§ **Work order**
Could you repeat the records below exactly, without the pictures?

(Dataset records)
-----
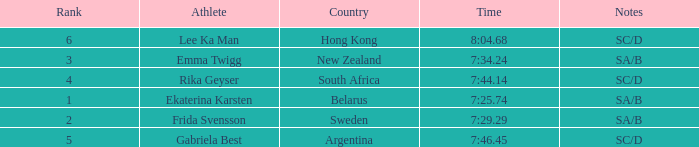What is the total rank for the athlete that had a race time of 7:34.24? 1.0. Parse the table in full. {'header': ['Rank', 'Athlete', 'Country', 'Time', 'Notes'], 'rows': [['6', 'Lee Ka Man', 'Hong Kong', '8:04.68', 'SC/D'], ['3', 'Emma Twigg', 'New Zealand', '7:34.24', 'SA/B'], ['4', 'Rika Geyser', 'South Africa', '7:44.14', 'SC/D'], ['1', 'Ekaterina Karsten', 'Belarus', '7:25.74', 'SA/B'], ['2', 'Frida Svensson', 'Sweden', '7:29.29', 'SA/B'], ['5', 'Gabriela Best', 'Argentina', '7:46.45', 'SC/D']]} 
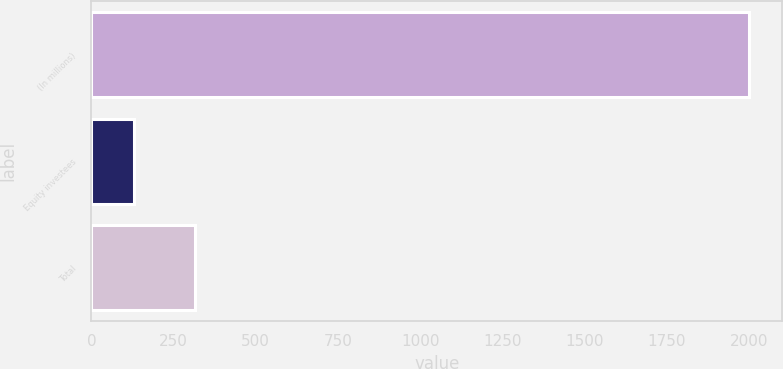Convert chart. <chart><loc_0><loc_0><loc_500><loc_500><bar_chart><fcel>(In millions)<fcel>Equity investees<fcel>Total<nl><fcel>2001<fcel>129<fcel>316.2<nl></chart> 
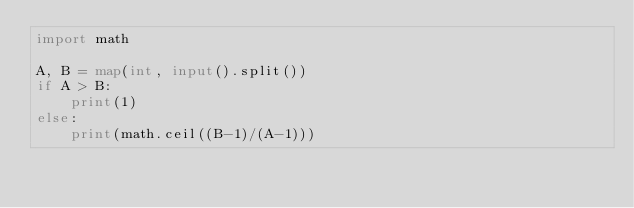<code> <loc_0><loc_0><loc_500><loc_500><_Python_>import math

A, B = map(int, input().split())
if A > B:
    print(1)
else:
    print(math.ceil((B-1)/(A-1)))</code>
-----
§ **Task response**
What is the total rank for the athlete that had a race time of 7:34.24? 1.0. Parse the table in full. {'header': ['Rank', 'Athlete', 'Country', 'Time', 'Notes'], 'rows': [['6', 'Lee Ka Man', 'Hong Kong', '8:04.68', 'SC/D'], ['3', 'Emma Twigg', 'New Zealand', '7:34.24', 'SA/B'], ['4', 'Rika Geyser', 'South Africa', '7:44.14', 'SC/D'], ['1', 'Ekaterina Karsten', 'Belarus', '7:25.74', 'SA/B'], ['2', 'Frida Svensson', 'Sweden', '7:29.29', 'SA/B'], ['5', 'Gabriela Best', 'Argentina', '7:46.45', 'SC/D']]} 
Convert chart. <chart><loc_0><loc_0><loc_500><loc_500><bar_chart><fcel>(In millions)<fcel>Equity investees<fcel>Total<nl><fcel>2001<fcel>129<fcel>316.2<nl></chart> 
<code> <loc_0><loc_0><loc_500><loc_500><_Python_>import math

A, B = map(int, input().split())
if A > B:
    print(1)
else:
    print(math.ceil((B-1)/(A-1)))</code>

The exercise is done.